What makes for effective detection proposals?
Jan Hosang, Rodrigo Benenson, Piotr Dollár, Bernt Schiele
TL;DR
This study interrogates why detection proposals improve object detection by systematically evaluating 12 proposal methods (plus 4 baselines) across PASCAL, ImageNet, and COCO and multiple detectors. It introduces Average Recall ($AR$) to capture both recall and localisation, and shows $AR$ correlates strongly with detector performance for LM-LLDA, R-CNN, and Fast R-CNN. The results reveal that localisation accuracy is as critical as recall, with top methods (e.g., MCG, SelectiveSearch, EdgeBoxes, Geodesic, Rigor) delivering robust detection performance while still benefiting from AR-guided tuning.

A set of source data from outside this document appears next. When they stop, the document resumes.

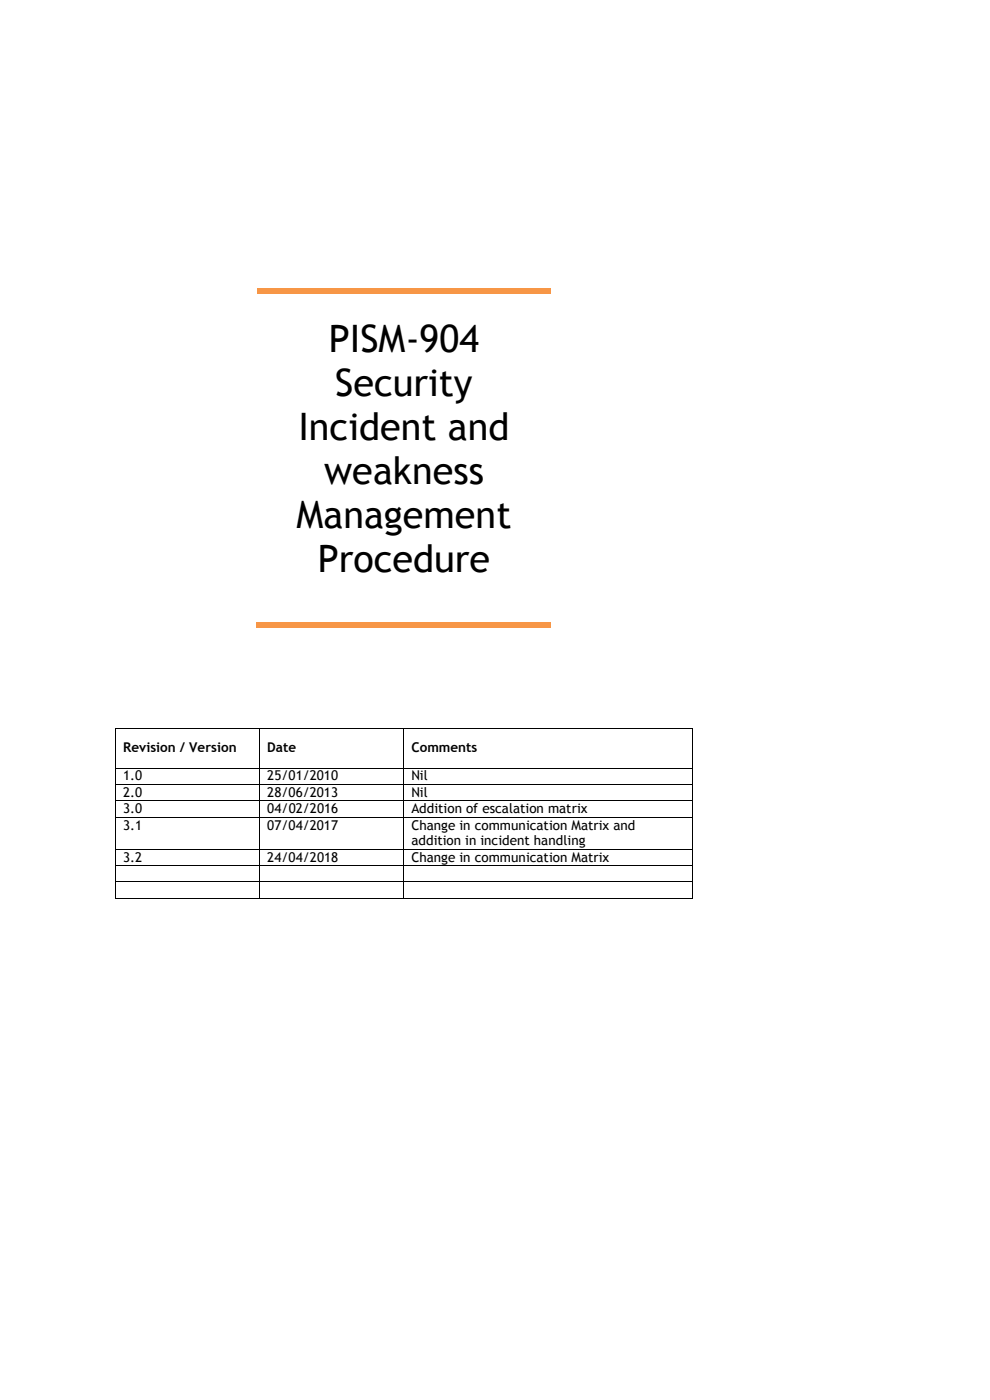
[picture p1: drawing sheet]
<svg xmlns="http://www.w3.org/2000/svg" width="210mm" height="297mm" viewBox="0 0 210 297" stroke-linecap="round" stroke-linejoin="round" font-family="sans-serif">
<defs><g id="words">
<g font-size="8">
<text x="69.8" y="74.8">PISM-904</text>
<text x="71.1" y="84.1">Security</text>
<text x="63.3" y="93.4">Incident and</text>
<text x="68.8" y="102.7">weakness</text>
<text x="62.9" y="112.1">Management</text>
<text x="67.4" y="121.4">Procedure</text>
</g>
<g font-size="2.9">
<text x="26.1" y="159.6">Revision / Version</text>
<text x="56.7" y="159.6">Date</text>
<text x="87.3" y="159.6">Comments</text>
<text x="26.1" y="165.6">1.0</text>
<text x="56.7" y="165.6">25/01/2010</text>
<text x="87.3" y="165.6">Nil</text>
<text x="26.1" y="169">2.0</text>
<text x="26.1" y="172.5">3.0</text>
<text x="56.7" y="169">28/06/2013</text>
<text x="56.7" y="172.5">04/02/2016</text>
<text x="87.3" y="169">Nil</text>
<text x="87.3" y="172.5">Addition of escalation matrix</text>
<text x="26.1" y="176">3.1</text>
<text x="56.7" y="176">07/04/2017</text>
<text x="87.3" y="176">Change in communication Matrix and</text>
<text x="87.3" y="179.3">addition in incident handling</text>
<text x="26.1" y="182.8">3.2</text>
<text x="56.7" y="182.8">24/04/2018</text>
<text x="87.3" y="182.8">Change in communication Matrix</text>
</g>
</g></defs>
<g fill="#000">
<path d="M24.5 154.5l.1 .1zM55.1 154.5l.1 .1zM85.7 154.5l.1 .1zM146.8 154.5l.1 .1zM24.5 162.9l.1 .1zM24.5 166.4l.1 .1zM24.5 169.8l.1 .1zM24.5 173.3l.1 .1zM55.1 162.9l.1 .1zM55.1 166.4l.1 .1zM55.1 169.8l.1 .1zM55.1 173.3l.1 .1z"/>
<path d="M85.7 162.9l.1 .1zM85.7 166.4l.1 .1zM85.7 169.8l.1 .1zM85.7 173.3l.1 .1zM146.8 162.9l.1 .1zM146.8 166.4l.1 .1zM146.8 169.8l.1 .1zM146.8 173.3l.1 .1zM24.5 180.1l.1 .1zM24.5 183.6l.1 .1zM24.5 187.1l.1 .1zM24.5 190.5l.1 .1z"/>
<path d="M55.1 180.1l.1 .1zM55.1 183.6l.1 .1zM55.1 187.1l.1 .1zM55.1 190.5l.1 .1zM85.7 180.1l.1 .1zM85.7 183.6l.1 .1zM85.7 187.1l.1 .1zM85.7 190.5l.1 .1zM146.8 180.1l.1 .1zM146.8 183.6l.1 .1zM146.8 187.1l.1 .1zM146.8 190.5l.1 .1z"/>
</g>
<g fill="none" stroke="#000" stroke-width=".21">
<path d="M24.6 154.6v8.3M24.6 154.5h30.4M55.1 154.6v8.3M55.2 154.5h30.4M85.7 154.6v8.3M85.8 154.5h61M146.9 154.6v8.3M24.6 163v3.3M24.6 166.5v3.3M24.6 169.9v3.4M24.6 173.4v6.7M24.6 162.9h30.4"/>
<path d="M24.6 166.4h30.4M24.6 169.9h30.4M24.6 173.3h30.4M55.1 163v3.3M55.1 166.5v3.3M55.1 169.9v3.4M55.1 173.4v6.7M55.2 162.9h30.4M55.2 166.4h30.4M55.2 169.9h30.4M55.2 173.3h30.4M85.7 163v3.3"/>
<path d="M85.7 166.5v3.3M85.7 169.9v3.4M85.7 173.4v6.7M85.8 162.9h61M85.8 166.4h61M85.8 169.9h61M85.8 173.3h61M146.9 163v3.3M146.9 166.5v3.3M146.9 169.9v3.4M146.9 173.4v6.7M24.6 180.2v3.3"/>
<path d="M24.6 183.7v3.3M24.6 187.2v3.3M24.6 180.2h30.4M24.6 183.6h30.4M24.6 187.1h30.4M24.6 190.6h30.4M55.1 180.2v3.3M55.1 183.7v3.3M55.1 187.2v3.3M55.2 180.2h30.4M55.2 183.6h30.4M55.2 187.1h30.4"/>
<path d="M55.2 190.6h30.4M85.7 180.2v3.3M85.7 183.7v3.3M85.7 187.2v3.3M85.8 180.2h61M85.8 183.6h61M85.8 187.1h61M85.8 190.6h61M146.9 180.2v3.3M146.9 183.7v3.3M146.9 187.2v3.3"/>
</g>
<g fill="#f79646">
<path d="M54.6 61.2h62.3v1.2h-62.3z"/>
<path d="M54.4 132h62.5v1.3h-62.5z"/>
</g>
<use href="#words"/>
</svg>
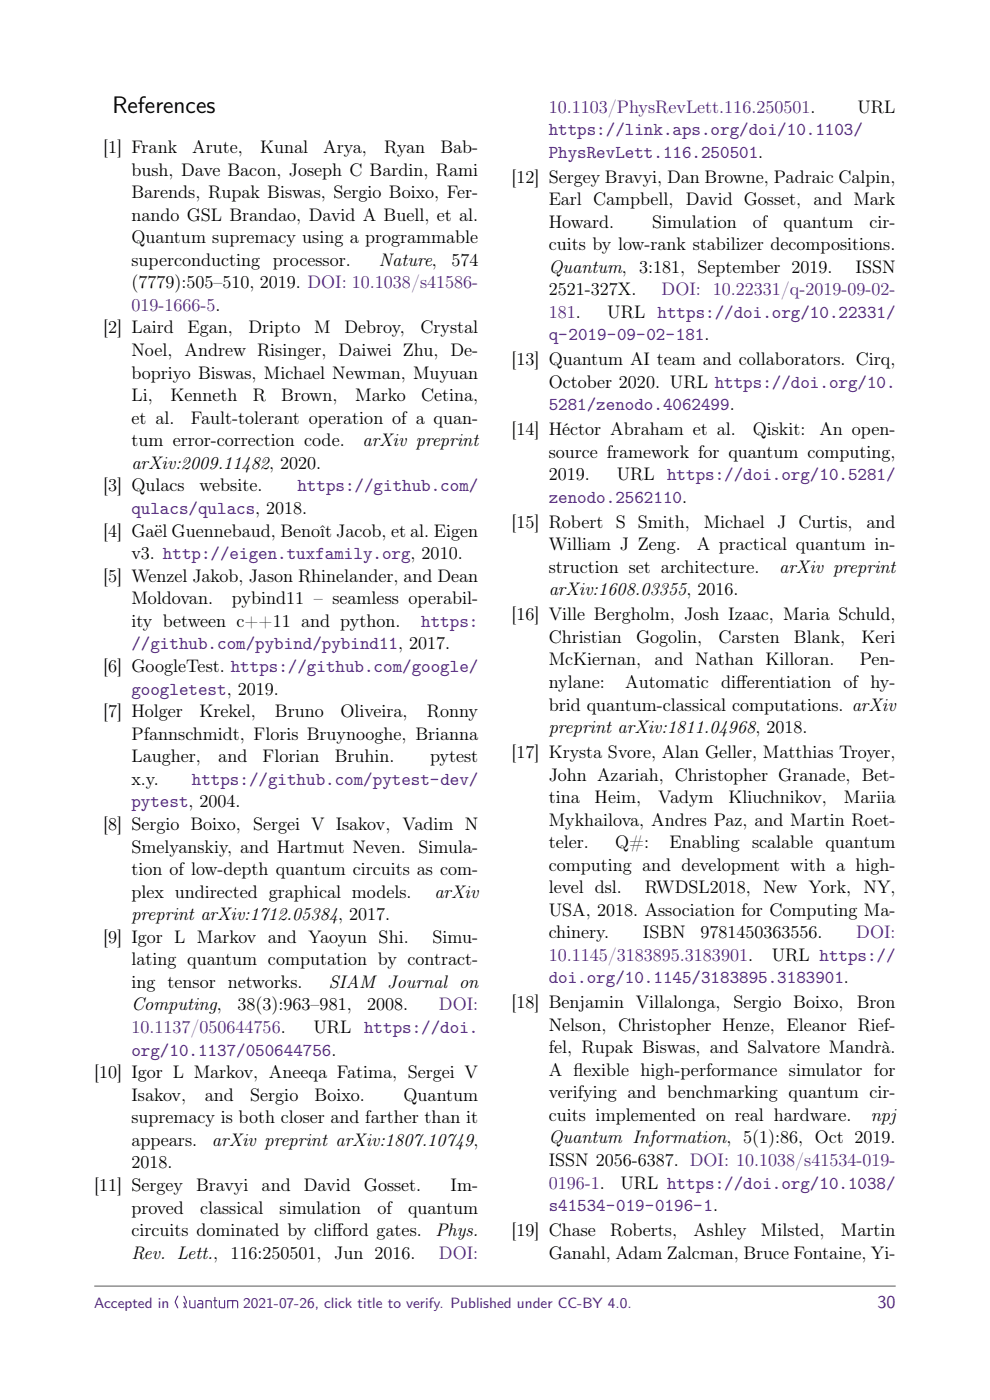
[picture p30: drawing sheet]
<svg xmlns="http://www.w3.org/2000/svg" width="210mm" height="297mm" viewBox="0 0 210 297" stroke-linecap="round" stroke-linejoin="round" font-family="sans-serif">
<defs><g id="words">
<text font-size="5.1" x="23.8" y="23.9">References</text>
<g font-size="3.8" fill="#53257f">
<text x="116.4" y="23.9">10.1103/PhysRevLett.116.250501.</text>
<text x="116.4" y="28.6">https://link.aps.org/doi/10.1103/</text>
<text x="116.4" y="33.4">PhysRevLett.116.250501.</text>
<text x="27.9" y="65.9">019-1666-5.</text>
<text x="140.3" y="62.6">DOI: 10.22331/q-2019-09-02-</text>
<text x="116.4" y="67.4">181.</text>
<text x="116.4" y="72.2">q-2019-09-02-181.</text>
<text x="116.4" y="87">5281/zenodo.4062499.</text>
<text x="63.1" y="104.2">https://github.com/</text>
<text x="116.4" y="106.7">zenodo.2562110.</text>
<text x="27.9" y="109">qulacs/qulacs, 2018.</text>
<text x="27.9" y="137.8">//github.com/pybind/pybind11, 2017.</text>
<text x="89.4" y="133">https:</text>
<text x="27.9" y="147.3">googletest, 2019.</text>
<text x="40.7" y="166.5">https://github.com/pytest-dev/</text>
<text x="27.9" y="171.3">pytest, 2004.</text>
<text x="116.4" y="203.8">10.1145/3183895.3183901.</text>
<text x="181.6" y="199">DOI:</text>
<text x="116.4" y="208.6">doi.org/10.1145/3183895.3183901.</text>
<text x="93.1" y="214.4">DOI:</text>
<text x="27.9" y="219.1">10.1137/050644756.</text>
<text x="77.2" y="219.1">https://doi.</text>
<text x="27.9" y="223.9">org/10.1137/050644756.</text>
<text x="116.4" y="252.1">0196-1.</text>
<text x="116.4" y="256.9">s41534-019-0196-1.</text>
<text x="93.1" y="267">DOI:</text>
<text x="37" y="277.5">Quantum</text>
<text x="186.2" y="277.5">30</text>
</g>
<g font-size="3.8">
<text x="181.9" y="23.9">URL</text>
<text x="21.9" y="32.5">[1] Frank</text>
<text x="40.8" y="32.5">Arute,</text>
<text x="55.2" y="32.5">Kunal</text>
<text x="68.6" y="32.5">Arya,</text>
<text x="81.5" y="32.5">Ryan</text>
<text x="93.4" y="32.5">Bab-</text>
<text x="27.9" y="37.3">bush, Dave Bacon, Joseph C Bardin, Rami</text>
<text x="108.5" y="38.7">[12] Sergey Bravyi, Dan Browne, Padraic Calpin,</text>
<text x="27.9" y="42">Barends, Rupak Biswas, Sergio Boixo, Fer-</text>
<text x="27.9" y="46.8">nando GSL Brandao, David A Buell, et al.</text>
<text x="116.4" y="43.5">Earl Campbell, David Gosset, and Mark</text>
<text x="27.9" y="51.6">Quantum supremacy using a programmable</text>
<text x="116.4" y="48.3">Howard.</text>
<text x="116.4" y="53.1">cuits by low-rank stabilizer decompositions.</text>
<text x="138.3" y="48.3">Simulation</text>
<text x="159.7" y="48.3">of</text>
<text x="166.2" y="48.3">quantum</text>
<text x="184.4" y="48.3">cir-</text>
<text x="27.9" y="56.4">superconducting</text>
<text x="57.9" y="56.4">processor.</text>
<text x="80.4" y="56.4">Nature,</text>
<text x="95.7" y="56.4">574</text>
<text x="116.4" y="57.8">Quantum, 3:181, September 2019.</text>
<text x="181.5" y="57.8">ISSN</text>
<text x="27.9" y="61.2">(7779):505–510, 2019. DOI: 10.1038/s41586-</text>
<text x="116.4" y="62.6">2521-327X.</text>
<text x="21.9" y="70.7">[2] Laird</text>
<text x="39.8" y="70.7">Egan,</text>
<text x="52.7" y="70.7">Dripto</text>
<text x="66.6" y="70.7">M</text>
<text x="73.1" y="70.7">Debroy,</text>
<text x="89.2" y="70.7">Crystal</text>
<text x="128.8" y="67.4">URL https://doi.org/10.22331/</text>
<text x="27.9" y="75.5">Noel, Andrew Risinger, Daiwei Zhu, De-</text>
<text x="108.5" y="77.5">[13] Quantum AI team and collaborators. Cirq,</text>
<text x="27.9" y="80.3">bopriyo Biswas, Michael Newman, Muyuan</text>
<text x="116.4" y="82.3">October 2020. URL https://doi.org/10.</text>
<text x="27.9" y="85.1">Li,</text>
<text x="27.9" y="89.9">et al.</text>
<text x="36.1" y="85.1">Kenneth</text>
<text x="40.5" y="89.9">Fault-tolerant operation of a quan-</text>
<text x="53.6" y="85.1">R</text>
<text x="59.7" y="85.1">Brown,</text>
<text x="75.4" y="85.1">Marko</text>
<text x="89.3" y="85.1">Cetina,</text>
<text x="27.9" y="94.6">tum error-correction code.</text>
<text x="76.9" y="94.6">arXiv preprint</text>
<text x="108.5" y="92.3">[14] Héctor Abraham et al.</text>
<text x="159.7" y="92.3">Qiskit:</text>
<text x="173.8" y="92.3">An open-</text>
<text x="27.9" y="99.4">arXiv:2009.11482, 2020.</text>
<text x="116.4" y="97.1">source framework for quantum computing,</text>
<text x="116.4" y="101.9">2019.</text>
<text x="130.8" y="101.9">URL https://doi.org/10.5281/</text>
<text x="21.9" y="104.2">[3] Qulacs</text>
<text x="42.4" y="104.2">website.</text>
<text x="21.9" y="113.8">[4] Gaël Guennebaud, Benoît Jacob, et al. Eigen</text>
<text x="108.5" y="112">[15] Robert S Smith,</text>
<text x="149.3" y="112">Michael J Curtis,</text>
<text x="183.8" y="112">and</text>
<text x="27.9" y="118.6">v3. http://eigen.tuxfamily.org, 2010.</text>
<text x="116.4" y="116.8">William J Zeng.</text>
<text x="147.8" y="116.8">A practical quantum in-</text>
<text x="21.9" y="123.4">[5] Wenzel Jakob, Jason Rhinelander, and Dean</text>
<text x="116.4" y="121.5">struction set architecture.</text>
<text x="165.3" y="121.5">arXiv preprint</text>
<text x="27.9" y="128.2">Moldovan.</text>
<text x="49.2" y="128.2">pybind11 – seamless operabil-</text>
<text x="108.5" y="131.6">[16] Ville Bergholm, Josh Izaac, Maria Schuld,</text>
<text x="116.4" y="126.3">arXiv:1608.03355, 2016.</text>
<text x="27.9" y="133">ity between c++11 and python.</text>
<text x="116.4" y="136.4">Christian</text>
<text x="134.9" y="136.4">Gogolin,</text>
<text x="152.4" y="136.4">Carsten</text>
<text x="168.4" y="136.4">Blank,</text>
<text x="182.7" y="136.4">Keri</text>
<text x="21.9" y="142.6">[6] GoogleTest. https://github.com/google/</text>
<text x="116.4" y="141.2">McKiernan,</text>
<text x="138.8" y="141.2">and Nathan Killoran.</text>
<text x="182.4" y="141.2">Pen-</text>
<text x="116.4" y="146">nylane:</text>
<text x="132.6" y="146">Automatic dif</text>
<text x="156.2" y="146">ferentiation of hy-</text>
<text x="21.9" y="152.2">[7] Holger</text>
<text x="42.3" y="152.2">Krekel,</text>
<text x="58.3" y="152.2">Bruno</text>
<text x="72.2" y="152.2">Oliveira,</text>
<text x="90.5" y="152.2">Ronny</text>
<text x="116.4" y="150.7">brid quantum-classical computations. arXiv</text>
<text x="116.4" y="155.5">preprint arXiv:1811.04968, 2018.</text>
<text x="27.9" y="156.9">Pfannschmidt, Floris Bruynooghe, Brianna</text>
<text x="27.9" y="161.7">Laugher,</text>
<text x="46.3" y="161.7">and</text>
<text x="55.7" y="161.7">Florian</text>
<text x="71" y="161.7">Bruhin.</text>
<text x="91.2" y="161.7">pytest</text>
<text x="108.5" y="160.8">[17] Krysta Svore, Alan Geller, Matthias Troyer,</text>
<text x="27.9" y="166.5">x.y.</text>
<text x="116.4" y="165.6">John Azariah, Christopher Granade, Bet-</text>
<text x="116.4" y="170.4">tina</text>
<text x="126.1" y="170.4">Heim,</text>
<text x="139.6" y="170.4">Vadym</text>
<text x="154.5" y="170.4">Kliuchnikov,</text>
<text x="179" y="170.4">Mariia</text>
<text x="21.9" y="176.1">[8] Sergio Boixo, Sergei V Isakov, Vadim N</text>
<text x="116.4" y="175.1">Mykhailova, Andres Paz, and Martin Roet-</text>
<text x="116.4" y="179.9">teler.</text>
<text x="130.5" y="179.9">Q#:</text>
<text x="142" y="179.9">Enabling scalable quantum</text>
<text x="27.9" y="180.9">Smelyanskiy, and Hartmut Neven. Simula-</text>
<text x="27.9" y="185.6">tion of low-depth quantum circuits as com-</text>
<text x="116.4" y="184.7">computing and development with a high-</text>
<text x="27.9" y="190.4">plex undirected graphical models.</text>
<text x="92.2" y="190.4">arXiv</text>
<text x="116.4" y="189.5">level dsl.</text>
<text x="136.8" y="189.5">RWDSL2018, New York, NY,</text>
<text x="27.9" y="195.2">preprint arXiv:1712.05384, 2017.</text>
<text x="116.4" y="194.3">USA, 2018. Association for Computing Ma-</text>
<text x="21.9" y="200">[9] Igor L Markov and Yaoyun Shi.</text>
<text x="91.8" y="200">Simu-</text>
<text x="116.4" y="199">chinery.</text>
<text x="136.4" y="199">ISBN</text>
<text x="148.6" y="199">9781450363556.</text>
<text x="163.7" y="203.8">URL https://</text>
<text x="27.9" y="204.8">lating quantum computation by contract-</text>
<text x="27.9" y="209.6">ing tensor networks.</text>
<text x="69.7" y="209.6">SIAM Journal on</text>
<text x="27.9" y="214.4">Computing,</text>
<text x="50.4" y="214.4">38(3):963–981,</text>
<text x="77.9" y="214.4">2008.</text>
<text x="108.5" y="213.9">[18] Benjamin Villalonga,</text>
<text x="155.6" y="213.9">Sergio Boixo,</text>
<text x="181.7" y="213.9">Bron</text>
<text x="66.5" y="219.1">URL</text>
<text x="116.4" y="218.7">Nelson, Christopher Henze, Eleanor Rief-</text>
<text x="116.4" y="223.5">fel, Rupak Biswas, and Salvatore Mandrà.</text>
<text x="20" y="228.7">[10] Igor L Markov, Aneeqa Fatima, Sergei V</text>
<text x="27.9" y="233.5">Isakov,</text>
<text x="43.5" y="233.5">and</text>
<text x="53.1" y="233.5">Sergio</text>
<text x="66.7" y="233.5">Boixo.</text>
<text x="85.6" y="233.5">Quantum</text>
<text x="116.4" y="228.2">A f</text>
<text x="116.4" y="233">verifying and benchmarking quantum cir-</text>
<text x="121.7" y="228.2">lexible high-performance simulator for</text>
<text x="27.9" y="238.3">supremacy is both closer and farther than it</text>
<text x="116.4" y="237.8">cuits implemented on real hardware.</text>
<text x="184.7" y="237.8">npj</text>
<text x="27.9" y="243.1">appears.</text>
<text x="45" y="243.1">arXiv preprint arXiv:1807.10749,</text>
<text x="116.4" y="242.6">Quantum Information, 5(1):86, Oct 2019.</text>
<text x="27.9" y="247.8">2018.</text>
<text x="116.4" y="247.4">ISSN 2056-6387. DOI: 10.1038/s41534-019-</text>
<text x="20" y="252.7">[11] Sergey</text>
<text x="27.9" y="257.4">proved</text>
<text x="41.6" y="252.7">Bravyi</text>
<text x="42.5" y="257.4">classical</text>
<text x="55.5" y="252.7">and</text>
<text x="59.3" y="257.4">simulation</text>
<text x="64.5" y="252.7">David</text>
<text x="77.2" y="252.7">Gosset.</text>
<text x="80.1" y="257.4">of</text>
<text x="86.6" y="257.4">quantum</text>
<text x="95.6" y="252.7">Im-</text>
<text x="131.6" y="252.1">URL https://doi.org/10.1038/</text>
<text x="27.9" y="262.2">circuits dominated by clif</text>
<text x="70.5" y="262.2">ford gates.</text>
<text x="92.4" y="262.2">Phys.</text>
<text x="108.5" y="262.2">[19] Chase</text>
<text x="129.4" y="262.2">Roberts,</text>
<text x="147.1" y="262.2">Ashley</text>
<text x="161.4" y="262.2">Milsted,</text>
<text x="178.4" y="262.2">Martin</text>
<text x="27.9" y="267">Rev. Lett., 116:250501, Jun 2016.</text>
<text x="116.4" y="267">Ganahl, Adam Zalcman, Bruce Fontaine, Yi-</text>
</g>
<g font-size="3.2" fill="#53257f">
<text x="20" y="277.5">Accepted in</text>
<text x="51.6" y="277.5">2021-07-26, click title to verify. Published under CC-BY 4.0.</text>
</g>
</g></defs>
<path d="M20 272.8h170" fill="none" stroke="#555" stroke-width=".21"/>
<use href="#words"/>
</svg>

The work provides practical guidance for selecting and tuning proposal methods and highlights potential upper bounds via oracle-like refinements, suggesting AR-driven optimization and closer integration with detectors for future gains.
Abstract
Current top performing object detectors employ detection proposals to guide the search for objects, thereby avoiding exhaustive sliding window search across images. Despite the popularity and widespread use of detection proposals, it is unclear which trade-offs are made when using them during object detection. We provide an in-depth analysis of twelve proposal methods along with four baselines regarding proposal repeatability, ground truth annotation recall on PASCAL, ImageNet, and MS COCO, and their impact on DPM, R-CNN, and Fast R-CNN detection performance. Our analysis shows that for object detection improving proposal localisation accuracy is as important as improving recall. We introduce a novel metric, the average recall (AR), which rewards both high recall and good localisation and correlates surprisingly well with detection performance. Our findings show common strengths and weaknesses of existing methods, and provide insights and metrics for selecting and tuning proposal methods.